Acoustofluidic isolation of exosomes for early diagnosis of brain traumatic injury

Traumatic brain injury (TBI) occurs when the head experiences a violent hit and can cause disruption in regular brain activity¹. Similar to many other diseases, early diagnosis of TBI can prevent progression towards irreversible damages. This is further highlighted in patients with unclear or minor symptoms which can remain undiagnosed. Blood biomarkers, such as exosomes released from an injured central nervous system tissue into the bloodstream, can potentially be used for an early diagnosis. Microfluidics technology has shown promising results over the past few years as an ideal candidate for exosome detection and therefore could be employed for this matter. (Read more about microfluidic methods for exosome separation here).  

Duke University researchers have demonstrated a microfluidic chip that employs an acoustofluidic sorting method to isolate exosomes for the detection of traumatic brain injury.  

“In this work, we further investigated whether the advantages of our acoustofluidic device can enable the early diagnosis of TBI based on biomarkers found in circulating exosomes. To simulate the neuropathology of TBI, we collected blood in a well-characterized rodent model of closed-head injury. By using acoustofluidics to isolate exosomes from mouse plasma samples and analyzing the abundance of glial fibrillary acidic protein (GFAP), we associated an exosomal biomarker for TBI with reactive astrocytes responding to brain injuries.”, the authors elaborated.

The microfluidic device was made of PDMS and consisted of a microchannel that was 100 µm high and 800 µm wide. Two pairs of tilted-angle interdigital transducers (IDT) were placed close to the microchannel to generate surface acoustic waves (SAW). These cells, exosomes, and other vesicles that pass through the microfluidic chip experience an acoustic force as a result of these surface acoustic waves. This amount of this force is dependant on the size of the particle and therefore can be used for size-based separation. As seen below, the murine blood samples (as an animal model) were introduced through the microfluidic device where two separation modules separated cells/platelets and large vesicles from exosomes, respectively. The separation was based on the forces exerted on the cells by the IDTs around the microchannels. 

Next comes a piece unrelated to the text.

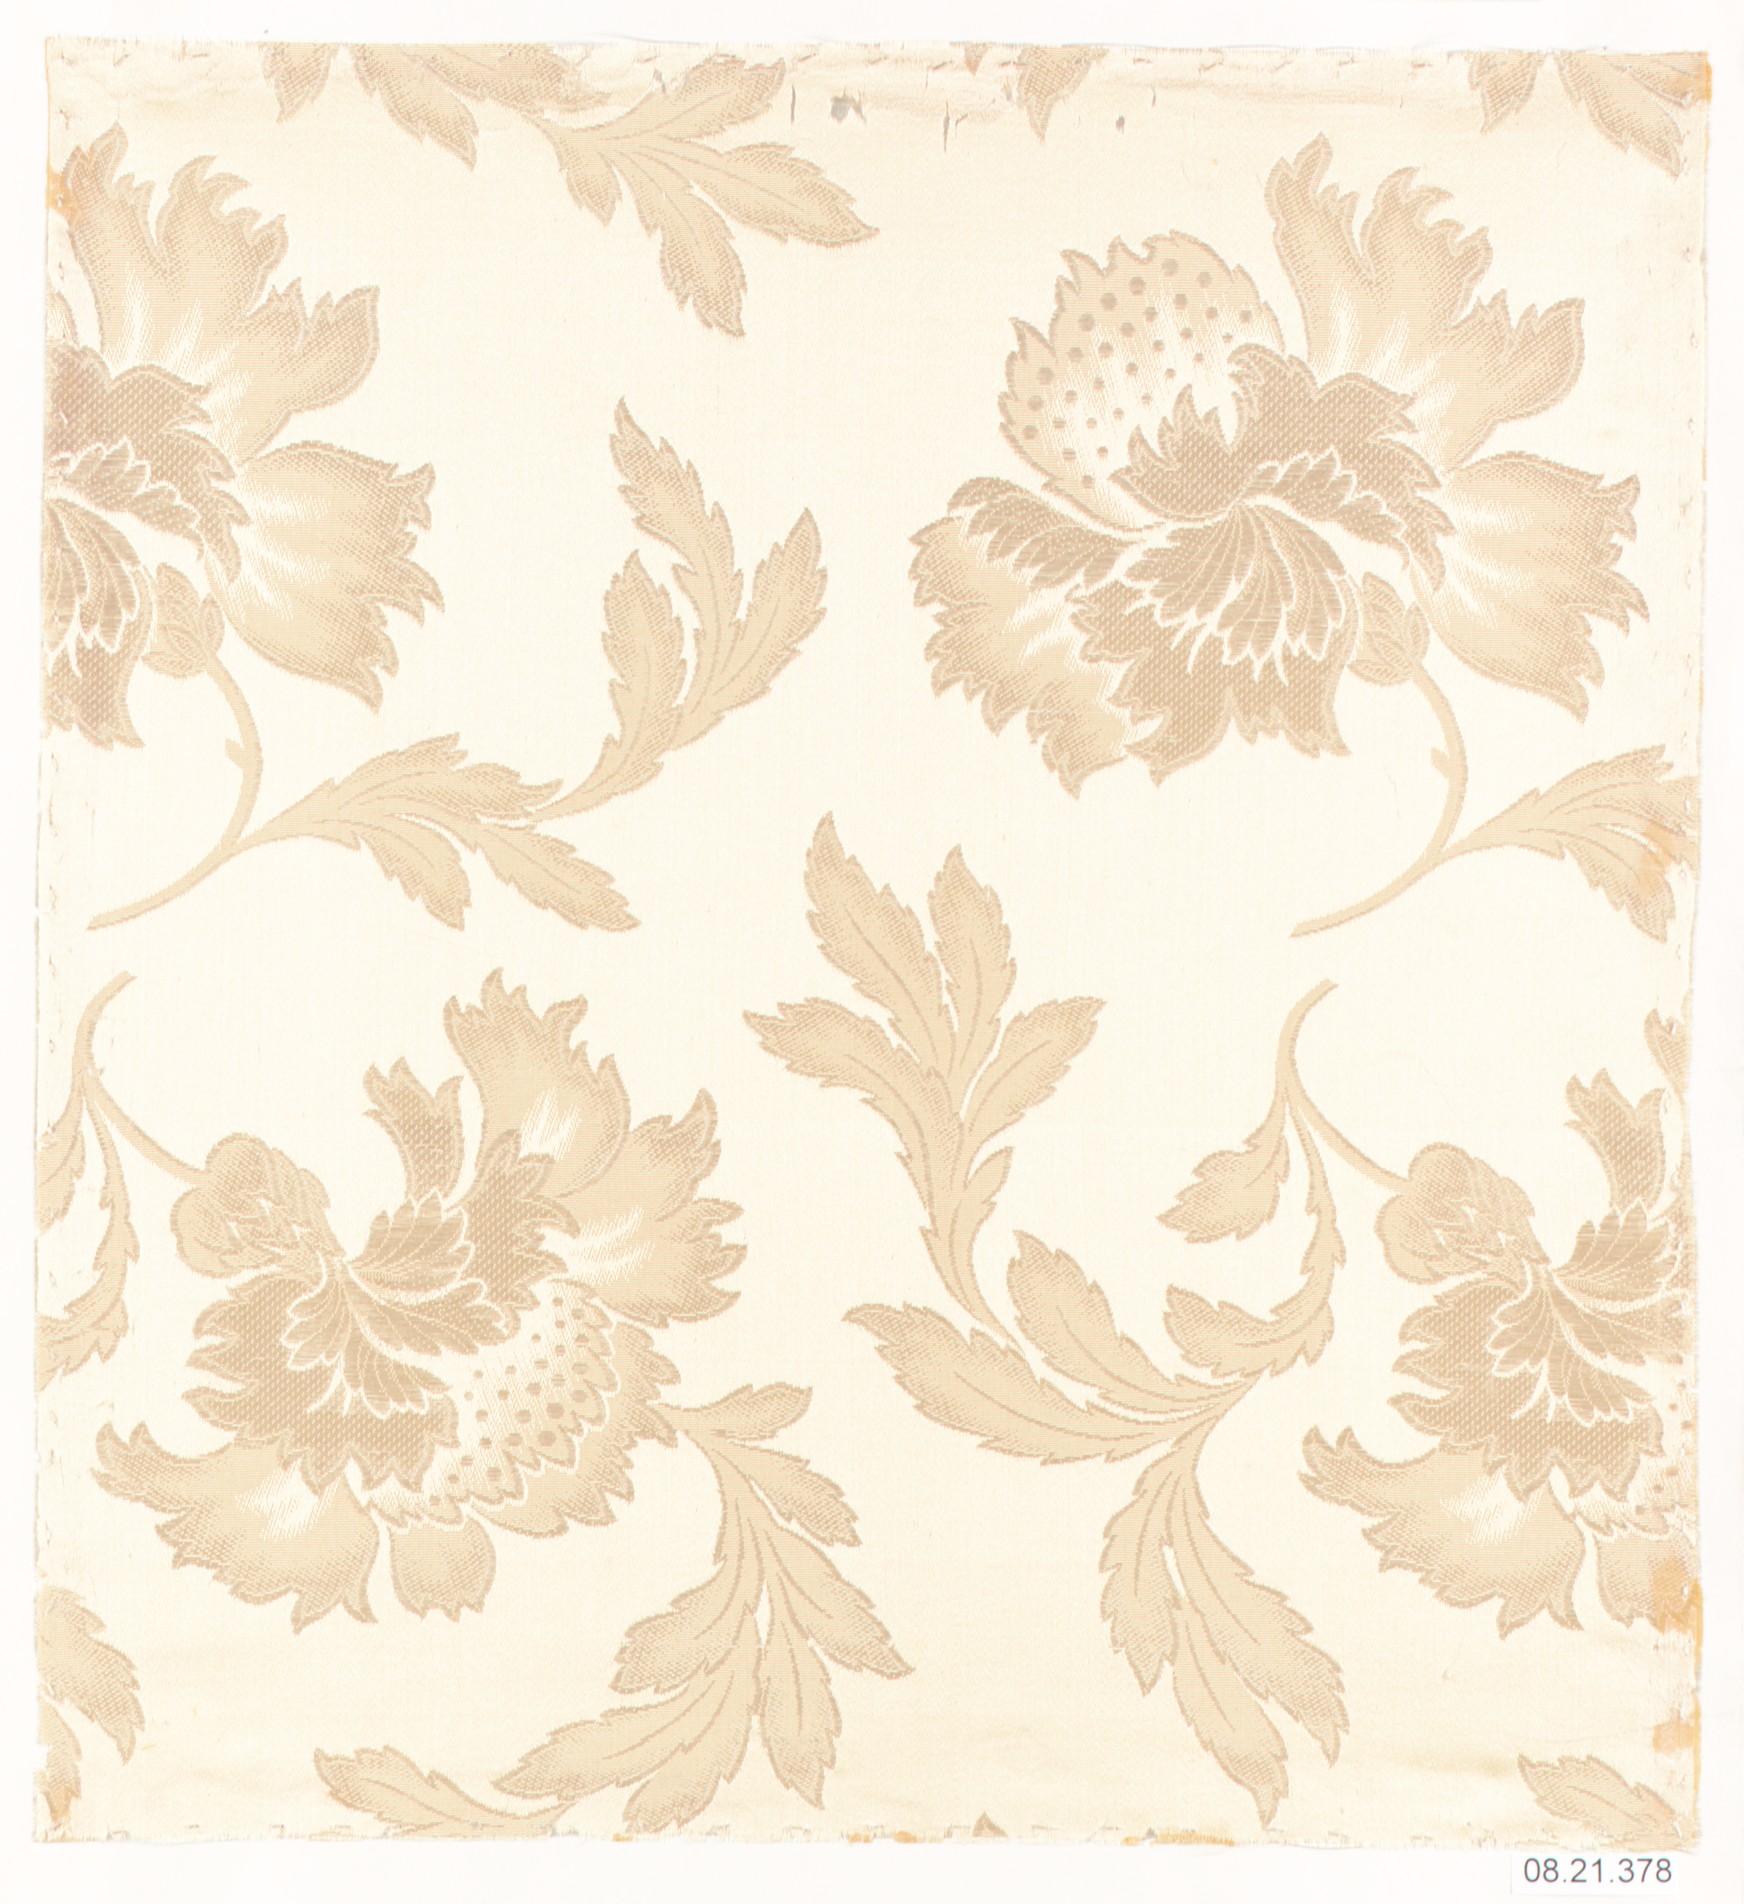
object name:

The microfluidic chip was shown to be capable of isolating TBI-related exosomes from blood samples confirmed by flow cytometry.  

“Compared with conventional exosome isolation methods, including ultracentrifugation and antibody capture, acoustofluidic separation is more rapid, biocompatible, efficient (higher yield), low-cost, and much easier to handle and integrate with downstream analysis. Moreover, this approach may be used to identify new therapeutic targets designed to reduce excitotoxicity, neuroinflammation, and secondary tissue injury due to intracranial hypertension, as well as serve as a clinical surrogate in early clinical trials.”, the authors concluded.